01 December 2008

Compare the View from NZ to UK

Could the Australians in Britain please stay where they are? in The Times UK
25 November 2008
It is no longer true, if it ever were, that the Australian migrant to Britain is a West London barworker whose only cultural contribution is a strange habit of posing statements as questions. In fact, in recent years, thousands of educated Australians have come to the UK. Migration has been the start of a career, not a gap year. And the cultural contribution of the expatriates - Clive James, Germaine Greer, Barry Humphries, Nick Cave, Peter Porter - means that it is silly and patronising to say the Australians had to come here to sample the culture they lacked at home. .

So it is with some alarm that we should greet the news that the Australians are heading home: 2,700 a month, up from 1,750 a month in 2005. This is largely a vote of no confidence in the old country. As the recession bites, the lure of home, with unemployment at a 33-year low and the dollar at an 11-year high against sterling, is very tempting. Sitting on the sort of budget surplus that this country can only envy, the Prime Minister Kevin Rudd is even forecasting that he can avoid recession. With the roof fixed in the good times, it is not surprising that many bright young Australians have remembered that, back at home, the sun is always shining.

There was always a case that anyone leaving Circular Quay in Sydney for Southampton dock was going the wrong way. But they came anyway, and 400,000 Australians live in Britain. Would they please not go back where they came from?

Kiwis Fleeing to Australia hit record high
NZHerald Nov 25, 2008 By Eloise Gibson
The number of New Zealanders moving to Australia last month set a record, and the flow of people moving here from other countries continued to slow. Statistics New Zealand figures issued yesterday show 47,800 people left to live in Australia in the year to October. About 13,200 came to New Zealand from Australia - the same number as last month. About two-thirds of them were New Zealanders returning home. That created a net outflow of 34,600 permanent and long-term migrants to Australia for the year, breaking September's record of 33,900.

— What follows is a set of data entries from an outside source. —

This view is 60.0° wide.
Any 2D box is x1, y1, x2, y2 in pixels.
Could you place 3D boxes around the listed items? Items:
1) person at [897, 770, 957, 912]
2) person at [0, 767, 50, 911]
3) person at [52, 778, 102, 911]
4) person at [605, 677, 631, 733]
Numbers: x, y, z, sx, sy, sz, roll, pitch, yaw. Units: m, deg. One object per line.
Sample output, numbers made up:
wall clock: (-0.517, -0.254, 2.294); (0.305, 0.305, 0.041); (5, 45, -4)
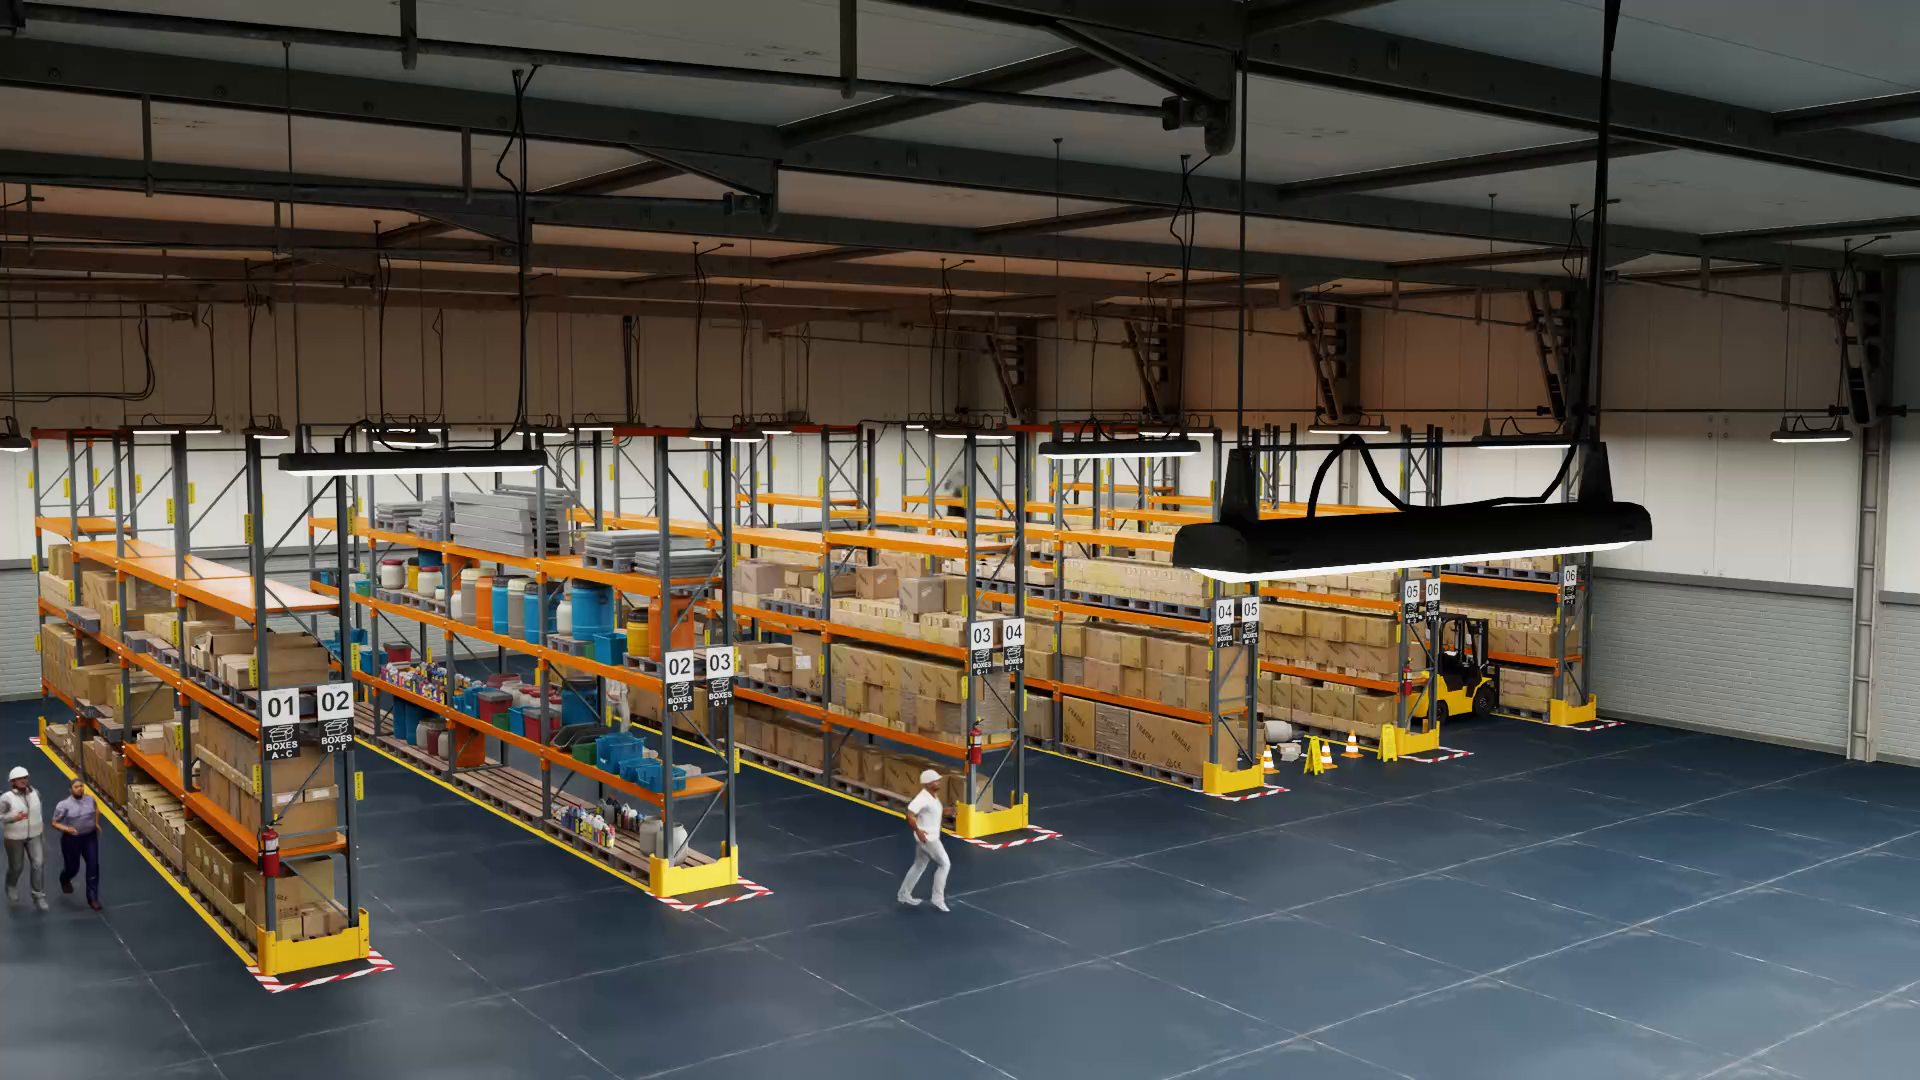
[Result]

Immigration from all countries fell last month to its lowest level in seven years. New Zealand gained 4300 migrants net in the year to October, 3200 fewer than in the previous 12 months.

Luring people to stay in New Zealand was a policy promise by the National Party. Before the election, National leader John Key described accelerating losses to Australia as a "vote of no confidence" in the Labour-led Government. . . .

Statistics New Zealand said the population was about a third bigger last year than it was in 1979. But most of the population growth since then had occurred above the age of 40, while most migration occurred below that age.

- Reckon the grass is always greener? What do people gain and give up when they make such drastic moves?